For that matter, how good a model for modern centrism is Thomas Jefferson? Was the early U.S. a model of "deep" pluralism? Recall that until 1865 a large segment of the population was enslaved, slavery itself being defined by race. Jefferson knew that his doctrines and his ownership of slaves were inconsistent, but he described his dilemma thus: "we have the wolf by the ear, and we can neither hold him, nor safely let him go. Justice is in one scale, and self-preservation in the other." How different is this from the  "tribal" statecraft that compels any faction to trample the others, on the assumption that any other will do the same given a chance. Jefferson's idealism was compromised by his gut feeling that the white and black races were incompatible. He wasn't exactly the keenest advocate for economic development, either, as Alexander Hamilton could tell you. Jefferson's party opposed Hamilton's development agenda because they could not see past "Northern" merchants or industrialists benefiting at supposed "Southern" expense. Perhaps I'm being unfair to Friedman here, since I suspect he only used "Jefferson" symbolically, to signify "American values" if not "democracy." If so, however, that only proves him no less carelessly loose-lipped than the President, whose "red line" remark brought on the current crisis, or Secretary Kerry, whose stating of supposedly impossible terms may show us the way out, whether Kerry or Obama intended it that way or not.

4 comments:

Anonymous said...

I invite Mr. Friedman to put his money where his mouth is. Let him take up arms and lead this "centrist army" into the thick of things. Otherwise let him shut up.

Samuel Wilson said...

Don't you realize that it isn't his credibility on the line!?!

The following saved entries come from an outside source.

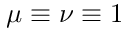Convert formula to latex. <formula><loc_0><loc_0><loc_500><loc_500>\mu \equiv \nu \equiv 1</formula> 
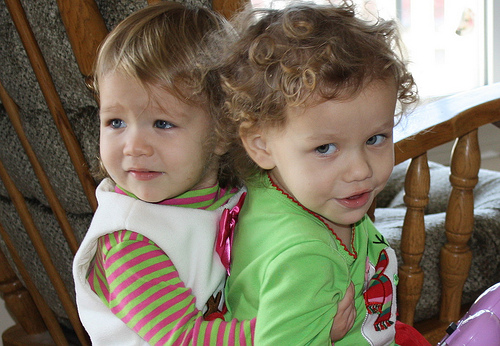<image>
Can you confirm if the girl is on the girl? Yes. Looking at the image, I can see the girl is positioned on top of the girl, with the girl providing support. Is the older sister in front of the younger sister? Yes. The older sister is positioned in front of the younger sister, appearing closer to the camera viewpoint. 
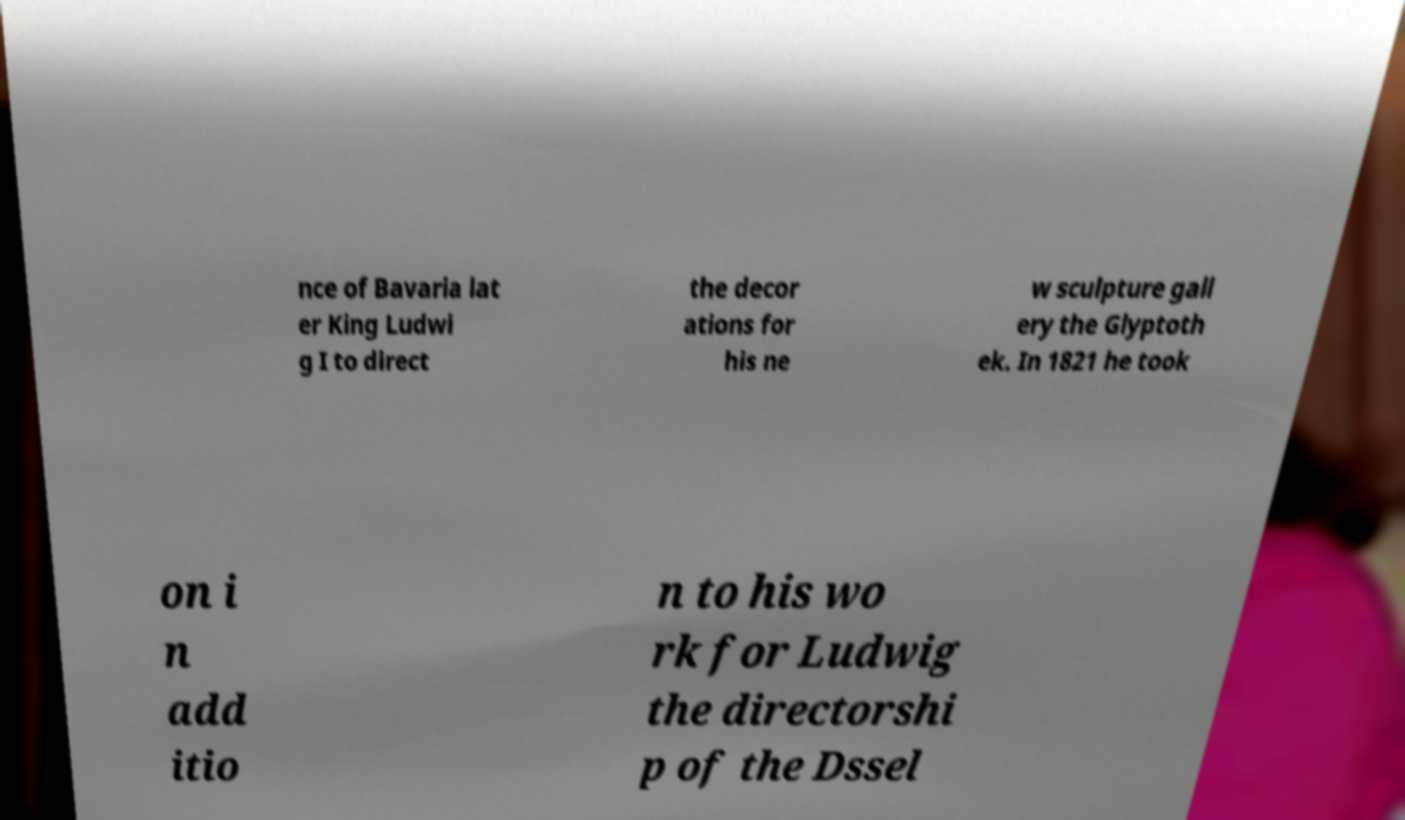Can you accurately transcribe the text from the provided image for me? nce of Bavaria lat er King Ludwi g I to direct the decor ations for his ne w sculpture gall ery the Glyptoth ek. In 1821 he took on i n add itio n to his wo rk for Ludwig the directorshi p of the Dssel 
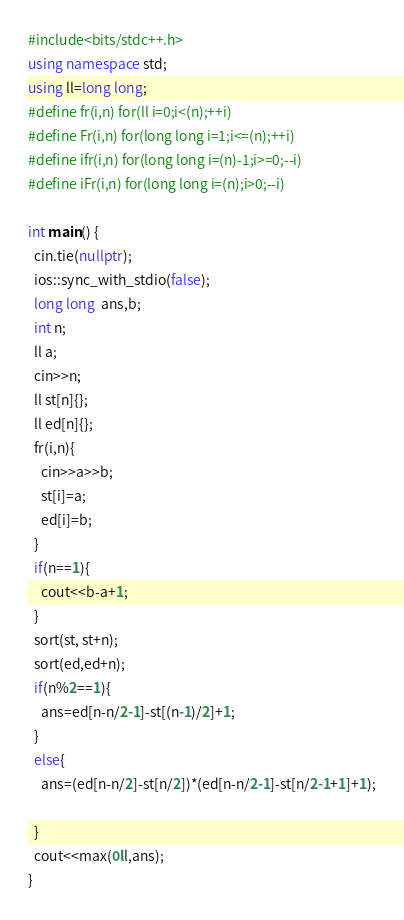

On a slightly more serious note, the fact is that would-be humanitarians like Friedman have heard the "it's none of your business" argument for so long that they tend to ignore it when something really isn't any of their business. Slavery was none of their business; segregation was none of their business, etc., etc. It's one thing to hear and dismiss those arguments when something's happening in your own country, another once you've convinced yourself that your humanitarian impulses needn't respect any borders at all.

Anonymous said...

As I've said, he should feel free, as an individual, to act on those humanitarian instincts with his own effort. He should not expect our nation to bear the cost of those efforts when we get nothing out of it.

My original post was meant to be taken as serious. Anyone who feels they have the right to tell another nation how to run itself should go over to that nation and do so first hand. Not hidden away on a different continent, whining and cajoling others to act on his whim.

Samuel Wilson said...

I didn't question your seriousness, but was mocking Friedman's rant about credibility. But wouldn't you agree that good international relations would require each nation to restrain its more impulsive types from the sort of first-hand action you recommend?